You’ve done the training and got the fitness but decide at the last minute to quit the race. Seems strange to sacrifice a finisher medal when you’re fully prepared, right?

In most circumstances we’d consider this attitude to be strange. However, as financial institutions adapt their business processes to Basel III liquidity requirements (such as BCBS 239), many fail to make it over the finish line and leverage the vast amount of aggregated data, beyond what is required for basic regulatory purposes.

In this article, we use the Liquidity Coverage Ratio (LCR) to explore how financial institutions can better utilise their data. Check back here for one of our earlier articles, to see how it’s calculated.

Preparation is the key to a successful race

To accurately calculate LCR, a bank is required to gather granular data relating to all open transactions as well as off-balance sheet exposures. Unsurprisingly, the process of gathering, interpreting, cleaning and monitoring this much data is operationally demanding. Just like athletes carrying out a training programme, banks who complete this exercise are often fatigued.

Akin to sport, what differentiates the high performer from the average competitor is the ability to push past the feeling of exhaustion and capitalise on effort.

Financial institutions must seize the opportunity to transform the vast amount of daily data they are collecting into valuable business insights.

To put this into context, financial institutions must seize the opportunity to transform the vast amount of daily data they are collecting into valuable business insights. Nowhere is data aggregation and value creation opportunity more critical than in central treasury (or equivalent).

There are many ways that this concept can be demonstrated. However, in this article we illustrate (by means of a simple example) the extent to which liquidity costs can be reduced by simply understanding the data and making small adjustments.
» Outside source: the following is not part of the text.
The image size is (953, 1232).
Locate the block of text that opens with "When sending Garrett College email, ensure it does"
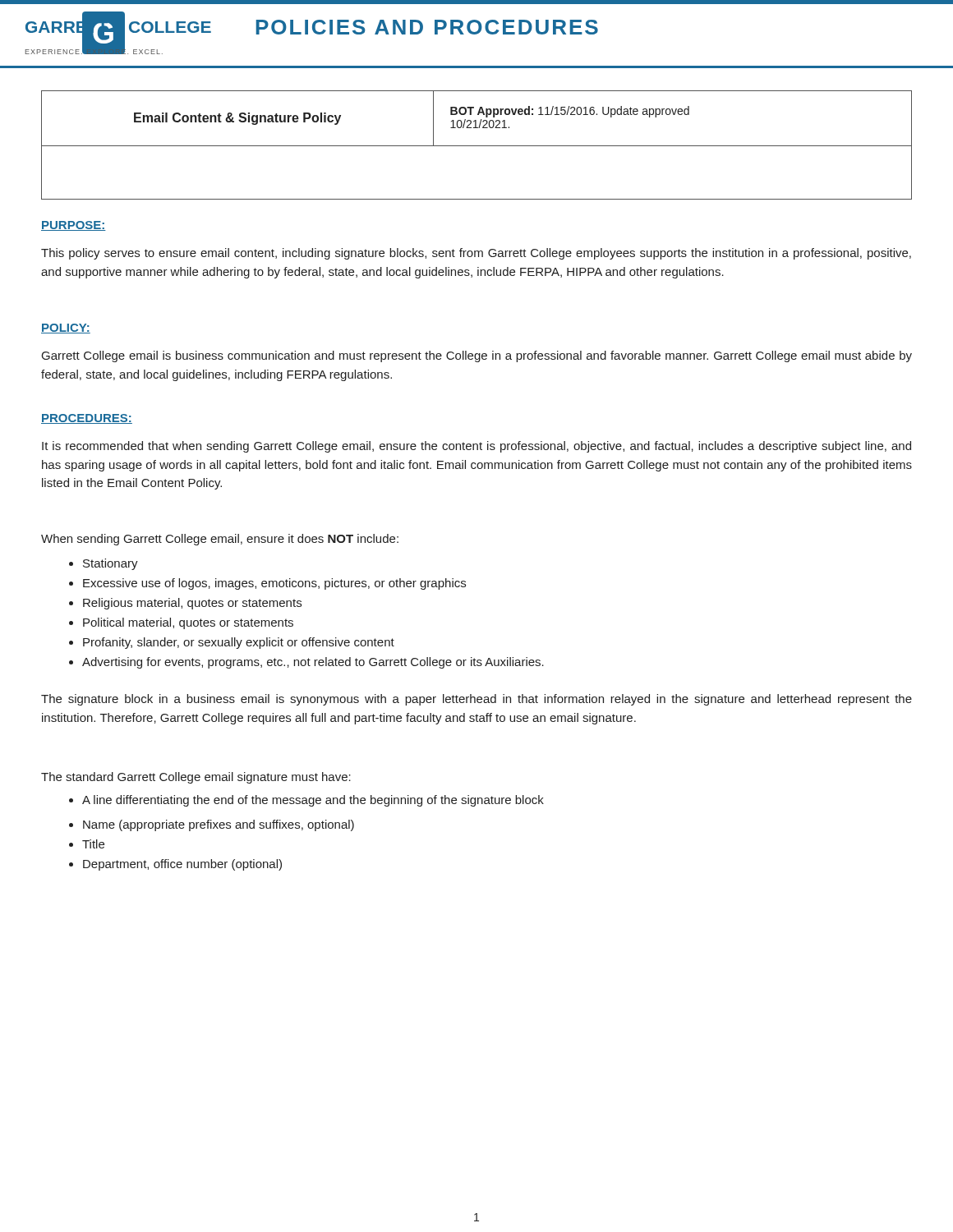point(220,538)

Analyse & adjust your training to improve your performance

Before we go on it’s worth noting that, like a tailored training programme, each organisation is different and no one-size-fits-all approach exists. Therefore, we encourage firms to explore their own unique circumstances, balance sheets and client compositions in order to determine the most effective way to benefit from this idea.

Let’s imagine company A – a large non-financial corporate client who has an assumed available overdraft facility of £1m. Under Basel III a £1m overdraft[1] will typically require the bank to hold High Quality Liquid Assets (HQLA) equivalent to 30% of the undrawn amount of the overdraft (after the required haircuts for Level 2 assets have been applied).

In the base case, assuming a mix of level 1 and level 2 assets, the bank would need to set aside approximately £360,000 of liquid assets to satisfy the requirements imposed by Basel III (assuming it holds the maximum allowable amount of Level 2a and Level 2b assets)[2].

If however, the bank has an awareness of customer behaviour and can derive business insights from this information, they could be faced with an opportunity to reduce their current holding of HQLA and costs associated with setting aside this capital.

For this example, let’s assume that company A is a large retailer and is subject to highly seasonal peaks and troughs in its cashflow. Specifically, we’ll assume their cashflow follows the average for a UK retailer: in the last month of each quarter revenues are at least 20% greater than in the remaining months.

If we can demonstrate that behaviour is consistent and predictable for company A, then we can apply the insight to the calculation of estimated outflows[3]. To quantify this, if we can reliably forecast that a liquidity facility will not be required in March, June, September and December, and we model this as a 50% reduction in estimated outflows (to be conservative), then the bank can generate a c.17% reduction in the average amount of HQLA required to be held by the bank for company A.

The theory of marginal gains

Of course, this is just one simple example. However, the idea of making small incremental changes to something to produce an overall improvement is not a new one. In fact, many athletes adopt this ‘marginal gains’ mentality by making minor improvements to their lifestyles on and off the track. This is with the intention of producing an overall improvement to performance.

Using this theory, a bank can optimise net outflows against the cap and reduce the burden on their HQLA. This is done by making ‘marginal gains’ to forecasted outflows based on behavioural assumptions and scaling these up across the bank’s entire book of products. As an additional and consequential benefit, this optimisation provides positive signals to the market and can reduce the overall cost of these instruments, therefore providing significant savings.

To put this into perspective, if each of the top four UK high street lenders were able to reduce their HQLA by even half of the 17% we calculated in the above example, on average they could realise a cost saving of approximately £360 million per year.

To put this into perspective, if each of the top four UK high street lenders were able to reduce their HQLA by even half of the 17% we calculated in the above example, on average they could realise a cost saving of approximately £360 million per year,[4].

Fail to prepare, prepare to fail

Although the calculation of LCR is neither complicated nor time consuming, the amount of effort and preparation that goes into collecting and cleaning transaction level data is huge. We have worked alongside several banks during this process and understand the temptation to overlook or descope the analytics that unlock the potential that this data has. However, we also understand the dangers of ignoring its potential.

We help our clients on the journey to understand how their data can be used to reduce HQLA – and deliver much more. If your competitors are already thinking about this, don’t be the last one out of the starting blocks. Our advice to businesses: use your data more efficiently to reduce your organisation’s liquidity costs.